Developing Situational Awareness for Joint Action with Autonomous Vehicles

Unanswered questions about how human-AV interaction designers can support rider's informational needs hinders Autonomous Vehicles (AV) adoption. To achieve joint human-AV action goals - such as safe transportation, trust, or learning from an AV - sufficient situational awareness must be held by the human, AV, and human-AV system collectively. We present a systems-level framework that integrates cognitive theories of joint action and situational awareness as a means to tailor communications that meet the criteria necessary for goal success. This framework is based on four components of the shared situation: AV traits, action goals, subject-specific traits and states, and the situated driving context. AV communications should be tailored to these factors and be sensitive when they change. This framework can be useful for understanding individual, shared, and distributed human-AV situational awareness and designing for future AV communications that meet the informational needs and goals of diverse groups and in diverse driving contexts.

Learning Racing From an AI Coach: Effects of Multimodal Autonomous Driving Explanations on Driving Performance, Cognitive Load, Expertise, and Trust

In a pre-post experiment (n = 41), we test the impact of an AI Coach's explanatory communications modeled after the instructions of human driving experts. Participants were divided into four (4) groups to assess two (2) dimensions of the AI coach's explanations: information type ('what' and 'why'-type explanations) and presentation modality (auditory and visual). We directly compare how AI Coaching sessions employing these techniques impact driving performance, cognitive load, confidence, expertise, and trust in an observation learning context. Through interviews, we delineate the learning process of our participants. Results show that an AI driving coach can be useful for teaching performance driving skills to novices. Comparing between groups, we find the type and modality of information influences performance outcomes. We attribute differences to how information directed attention, mitigated uncertainty, and influenced overload experienced by participants. These, in turn, affected how successfully participants were able to learn. Results suggest efficient, modality-appropriate explanations should be opted for when designing effective HMI communications that can instruct without overwhelming. Further, they support the need to align communications with human learning and cognitive processes. Results are synthesized into eight design implications for future autonomous vehicle HMI and AI coach design.
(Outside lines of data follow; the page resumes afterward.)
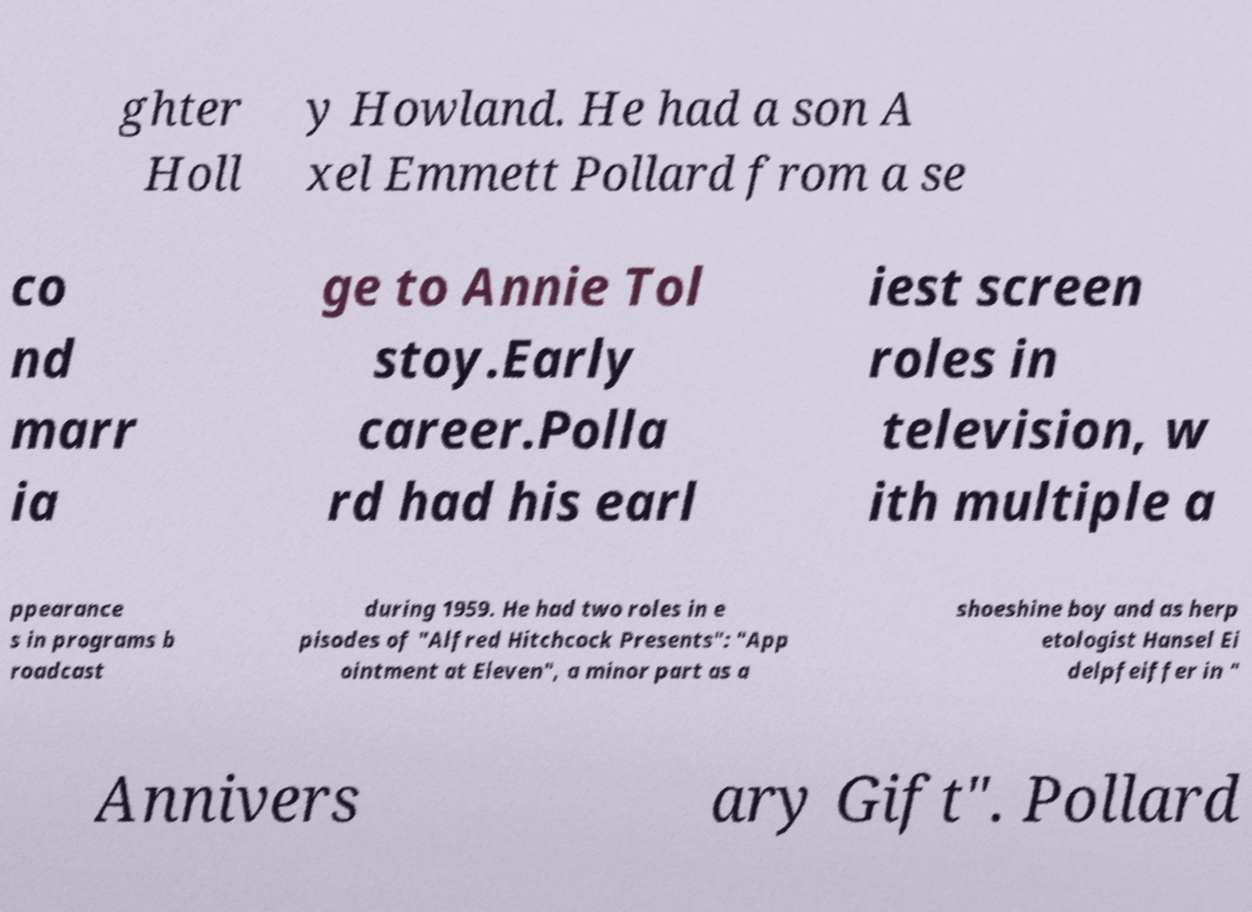What messages or text are displayed in this image? I need them in a readable, typed format. ghter Holl y Howland. He had a son A xel Emmett Pollard from a se co nd marr ia ge to Annie Tol stoy.Early career.Polla rd had his earl iest screen roles in television, w ith multiple a ppearance s in programs b roadcast during 1959. He had two roles in e pisodes of "Alfred Hitchcock Presents": "App ointment at Eleven", a minor part as a shoeshine boy and as herp etologist Hansel Ei delpfeiffer in " Annivers ary Gift". Pollard 
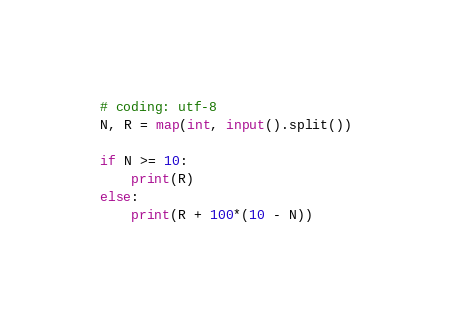Convert code to text. <code><loc_0><loc_0><loc_500><loc_500><_Python_># coding: utf-8
N, R = map(int, input().split())

if N >= 10:
    print(R)
else:
    print(R + 100*(10 - N))</code> 
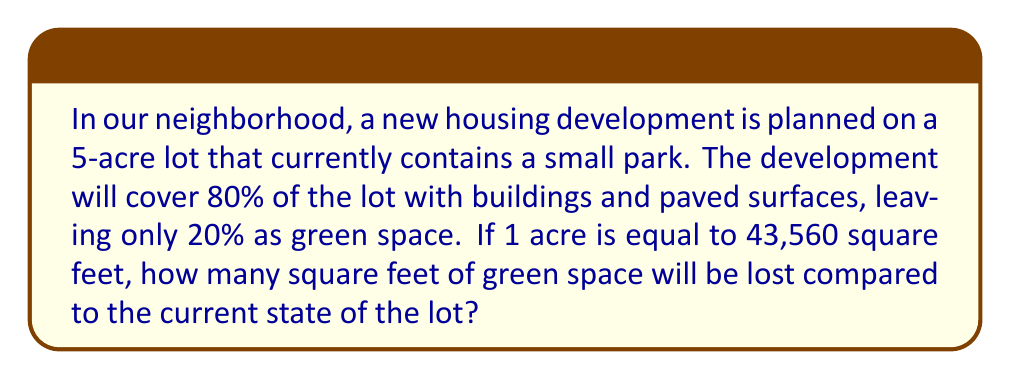Show me your answer to this math problem. To solve this problem, we'll follow these steps:

1. Calculate the total area of the lot in square feet:
   $$5 \text{ acres} \times 43,560 \frac{\text{sq ft}}{\text{acre}} = 217,800 \text{ sq ft}$$

2. Calculate the current green space (assuming the entire lot is currently green):
   $$\text{Current green space} = 217,800 \text{ sq ft}$$

3. Calculate the green space after development (20% of the total area):
   $$\text{New green space} = 20\% \times 217,800 \text{ sq ft} = 0.2 \times 217,800 \text{ sq ft} = 43,560 \text{ sq ft}$$

4. Calculate the lost green space by subtracting the new green space from the current green space:
   $$\text{Lost green space} = 217,800 \text{ sq ft} - 43,560 \text{ sq ft} = 174,240 \text{ sq ft}$$

Therefore, the neighborhood will lose 174,240 square feet of green space due to the new development.
Answer: 174,240 square feet 
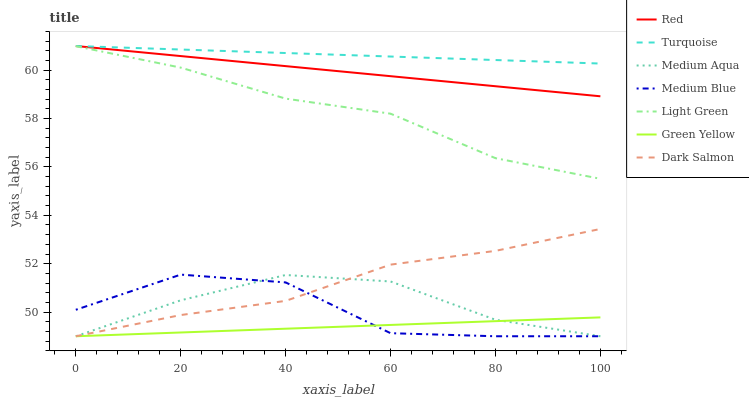Does Green Yellow have the minimum area under the curve?
Answer yes or no. Yes. Does Turquoise have the maximum area under the curve?
Answer yes or no. Yes. Does Medium Blue have the minimum area under the curve?
Answer yes or no. No. Does Medium Blue have the maximum area under the curve?
Answer yes or no. No. Is Green Yellow the smoothest?
Answer yes or no. Yes. Is Medium Blue the roughest?
Answer yes or no. Yes. Is Dark Salmon the smoothest?
Answer yes or no. No. Is Dark Salmon the roughest?
Answer yes or no. No. Does Medium Blue have the lowest value?
Answer yes or no. Yes. Does Light Green have the lowest value?
Answer yes or no. No. Does Red have the highest value?
Answer yes or no. Yes. Does Medium Blue have the highest value?
Answer yes or no. No. Is Medium Blue less than Turquoise?
Answer yes or no. Yes. Is Light Green greater than Medium Aqua?
Answer yes or no. Yes. Does Turquoise intersect Red?
Answer yes or no. Yes. Is Turquoise less than Red?
Answer yes or no. No. Is Turquoise greater than Red?
Answer yes or no. No. Does Medium Blue intersect Turquoise?
Answer yes or no. No. 
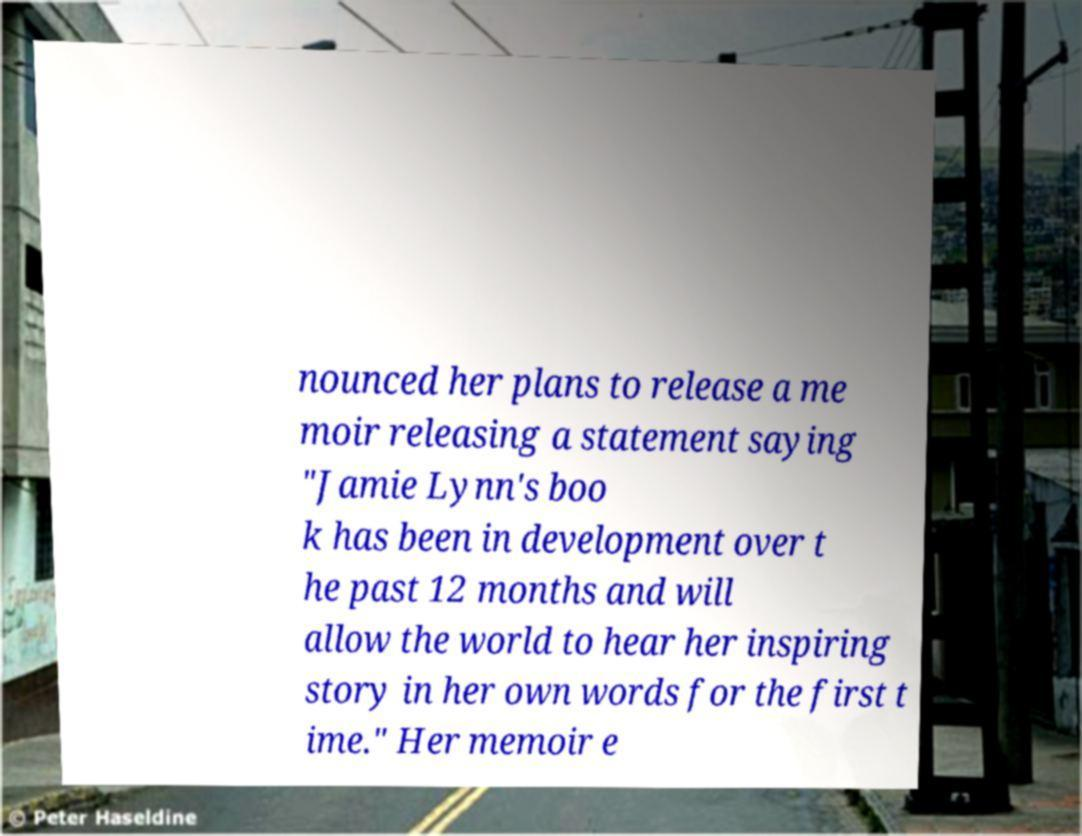What messages or text are displayed in this image? I need them in a readable, typed format. nounced her plans to release a me moir releasing a statement saying "Jamie Lynn's boo k has been in development over t he past 12 months and will allow the world to hear her inspiring story in her own words for the first t ime." Her memoir e 
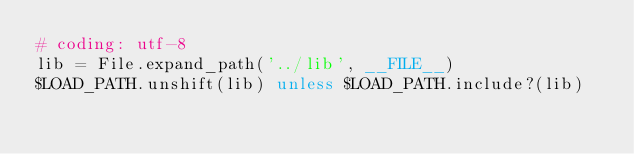<code> <loc_0><loc_0><loc_500><loc_500><_Ruby_># coding: utf-8
lib = File.expand_path('../lib', __FILE__)
$LOAD_PATH.unshift(lib) unless $LOAD_PATH.include?(lib)</code> 
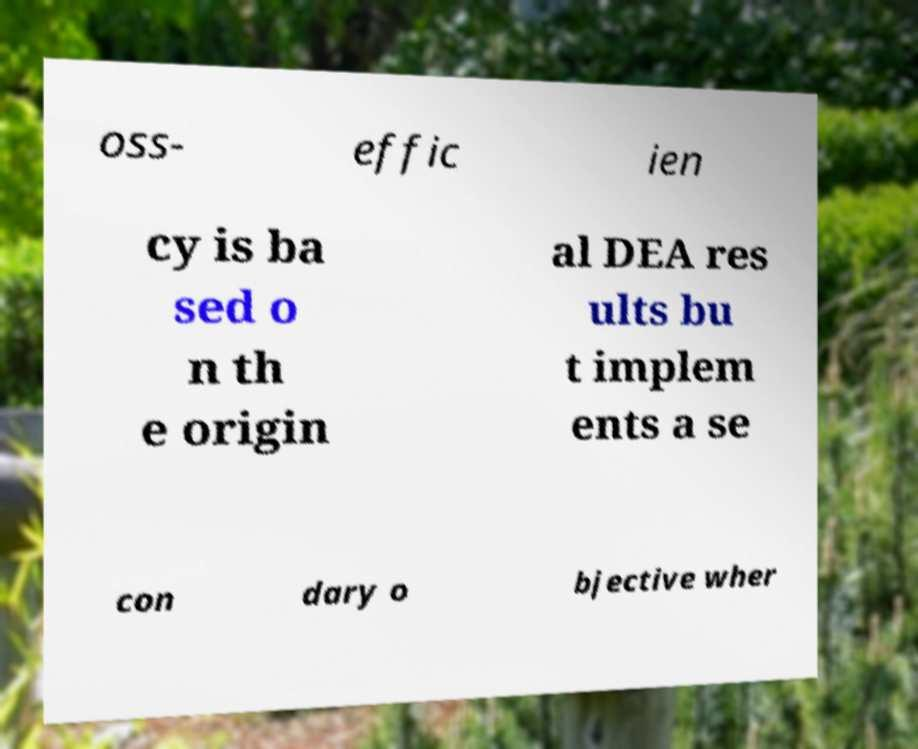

Explainable AI And Visual Reasoning: Insights From Radiology

Why do explainable AI (XAI) explanations in radiology, despite their promise of transparency, still fail to gain human trust? Current XAI approaches provide justification for predictions, however, these do not meet practitioners' needs. These XAI explanations lack intuitive coverage of the evidentiary basis for a given classification, posing a significant barrier to adoption. We posit that XAI explanations that mirror human processes of reasoning and justification with evidence may be more useful and trustworthy than traditional visual explanations like heat maps. Using a radiology case study, we demonstrate how radiology practitioners get other practitioners to see a diagnostic conclusion's validity. Machine-learned classifications lack this evidentiary grounding and consequently fail to elicit trust and adoption by potential users. Insights from this study may generalize to guiding principles for human-centered explanation design based on human reasoning and justification of evidence.